Как только они минуют меня, мне становится страшно за Монтегю. Я выдыхаю: «Мой сын» – и спешу за солдатами, которые с топотом поднимаются по лестнице в королевские покои, и перед ними распахиваются двери зала аудиенций, куда они заходят колонной по двое, грозные в своей силе.

В зале толпится народ, но короля нет. Трон пуст, король в своих личных покоях, он закрыл дверь от двора. Он не увидит ареста. Если будут плач и крики, они его не потревожат. Я осматриваю людный зал и с облегчением вижу, что Монтегю здесь тоже нет, он, должно быть, внутри, с королем.

Солдаты пришли не за моим сыном. Вместо этого их офицер уверенно подходит к сэру Энтони Брауну, королевскому фавориту, его верному конюшему, и достаточно вежливо просит его проследовать с ними.
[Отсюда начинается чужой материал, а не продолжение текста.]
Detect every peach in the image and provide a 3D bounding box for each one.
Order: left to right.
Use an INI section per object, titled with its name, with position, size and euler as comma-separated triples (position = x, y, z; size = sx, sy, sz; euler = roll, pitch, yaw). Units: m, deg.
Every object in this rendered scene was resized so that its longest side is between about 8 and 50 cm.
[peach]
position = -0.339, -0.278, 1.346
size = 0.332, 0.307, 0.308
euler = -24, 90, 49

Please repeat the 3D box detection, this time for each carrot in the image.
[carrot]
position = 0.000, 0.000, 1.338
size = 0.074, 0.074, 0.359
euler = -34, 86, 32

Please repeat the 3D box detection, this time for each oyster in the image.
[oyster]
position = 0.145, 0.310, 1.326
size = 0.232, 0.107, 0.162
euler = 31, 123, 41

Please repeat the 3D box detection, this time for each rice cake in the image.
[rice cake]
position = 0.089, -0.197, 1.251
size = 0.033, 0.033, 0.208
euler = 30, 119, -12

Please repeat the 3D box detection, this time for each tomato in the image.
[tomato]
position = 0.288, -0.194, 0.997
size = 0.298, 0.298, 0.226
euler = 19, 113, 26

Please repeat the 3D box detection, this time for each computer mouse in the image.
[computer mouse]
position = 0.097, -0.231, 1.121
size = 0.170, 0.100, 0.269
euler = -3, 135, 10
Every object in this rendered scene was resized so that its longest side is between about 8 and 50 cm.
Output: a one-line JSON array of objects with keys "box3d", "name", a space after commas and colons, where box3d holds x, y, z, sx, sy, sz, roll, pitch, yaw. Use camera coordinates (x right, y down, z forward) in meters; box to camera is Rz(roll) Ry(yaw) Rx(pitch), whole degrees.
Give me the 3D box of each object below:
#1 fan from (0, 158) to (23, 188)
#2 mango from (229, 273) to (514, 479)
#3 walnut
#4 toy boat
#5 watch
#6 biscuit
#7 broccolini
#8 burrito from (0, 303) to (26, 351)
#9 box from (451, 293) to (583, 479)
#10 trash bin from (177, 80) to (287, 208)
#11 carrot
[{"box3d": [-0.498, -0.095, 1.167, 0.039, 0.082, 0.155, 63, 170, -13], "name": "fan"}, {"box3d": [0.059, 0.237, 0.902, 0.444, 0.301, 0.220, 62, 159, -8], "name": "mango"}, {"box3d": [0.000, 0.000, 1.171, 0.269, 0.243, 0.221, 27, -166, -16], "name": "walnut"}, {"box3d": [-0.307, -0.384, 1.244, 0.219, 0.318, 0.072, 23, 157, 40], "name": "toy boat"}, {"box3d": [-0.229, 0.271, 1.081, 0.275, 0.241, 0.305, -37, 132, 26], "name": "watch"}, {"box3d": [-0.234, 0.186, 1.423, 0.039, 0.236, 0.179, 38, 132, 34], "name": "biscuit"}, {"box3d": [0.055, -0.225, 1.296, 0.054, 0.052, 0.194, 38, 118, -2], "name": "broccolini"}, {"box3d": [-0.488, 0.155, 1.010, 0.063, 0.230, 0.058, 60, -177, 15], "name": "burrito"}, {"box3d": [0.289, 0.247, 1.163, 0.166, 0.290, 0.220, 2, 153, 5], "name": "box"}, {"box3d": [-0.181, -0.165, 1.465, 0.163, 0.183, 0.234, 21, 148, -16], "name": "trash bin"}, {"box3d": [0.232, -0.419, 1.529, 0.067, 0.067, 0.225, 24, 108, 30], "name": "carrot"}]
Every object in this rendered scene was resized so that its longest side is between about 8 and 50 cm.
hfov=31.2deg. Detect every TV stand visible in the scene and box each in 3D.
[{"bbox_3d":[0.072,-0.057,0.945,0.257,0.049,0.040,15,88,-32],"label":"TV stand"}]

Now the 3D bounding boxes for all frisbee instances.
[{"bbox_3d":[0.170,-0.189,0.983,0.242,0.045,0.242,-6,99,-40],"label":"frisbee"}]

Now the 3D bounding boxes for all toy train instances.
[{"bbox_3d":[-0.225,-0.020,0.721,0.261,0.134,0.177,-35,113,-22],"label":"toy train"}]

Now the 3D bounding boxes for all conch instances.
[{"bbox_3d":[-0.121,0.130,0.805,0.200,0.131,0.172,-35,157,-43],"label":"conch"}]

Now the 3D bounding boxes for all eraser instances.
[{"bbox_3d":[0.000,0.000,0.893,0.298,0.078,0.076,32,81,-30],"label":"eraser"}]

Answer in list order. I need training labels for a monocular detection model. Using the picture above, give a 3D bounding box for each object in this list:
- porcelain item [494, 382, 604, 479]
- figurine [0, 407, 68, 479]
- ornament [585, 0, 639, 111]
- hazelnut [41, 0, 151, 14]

Энтони поднимается со своего места у окна, улыбается как истинный придворный и небрежно спрашивает:

– И по какому же обвинению?

– Измена, – слышится негромкий ответ, и все, кто стоял рядом с Энтони, будто тают.

Офицер оглядывается на внезапно погрузившийся в потрясенную тишину замерший двор.

– Сэр Фрэнсис Брайан! – выкликает он.

– Я здесь, – отвечает сэр Фрэнсис.

Он делает шаг вперед, и те, кто его окружал, отодвигаются назад, словно они его больше не знают, словно никогда не были с ним знакомы. Он улыбается, черная повязка на его глазу слепо окидывает двор и не находит друзей.

– Чем я могу быть вам полезен, офицер? Вам нужна моя помощь?

– Вы можете пройти со мной, – отвечает офицер с неким мрачным юмором. – Поскольку вы тоже арестованы.

– Я? – спрашивает Фрэнсис Брайан, родственник королевы, родственник бывшей королевы, человек, обеспечивший себе королевскую милость годами дружбы. – За что? По какому обвинению?

– Измена, – повторяет офицер. – Измена.

Я смотрю, как их двоих уводит стража, и обнаруживаю, что рядом со мной стоит герцог Норфолк, Томас Говард.

– Что они могли натворить? – спрашиваю я.

Особенно Брайан, он пережил тысячу опасностей, его по крайней мере дважды изгоняли от двора, и он каждый раз возвращался невредимым.

– Я рад, что вам это неизвестно, – следует угрожающий ответ. – Они вступили в сговор с леди Марией, незаконной дочерью короля. Собирались вывезти ее из Хансдона и переправить во Фландрию. Я бы их за это повесил. Я хотел бы увидеть, как ее за это повесят.


Я возвращаюсь в покои королевы, и всю дорогу меня гложет страх. Дамы спрашивают меня, что случилось, я отвечаю, что только что видела, как арестовали двух вернейших друзей короля. Я не рассказываю им, что сказал герцог Норфолк. Мне слишком страшно, чтобы это повторить. Леди Вудс говорит, что моего родственника Генри Куртене отстранили от личных покоев, поскольку подозревают в сговоре с принцессой. Я изо всех сил изображаю женщину, потрясенную ужасной новостью.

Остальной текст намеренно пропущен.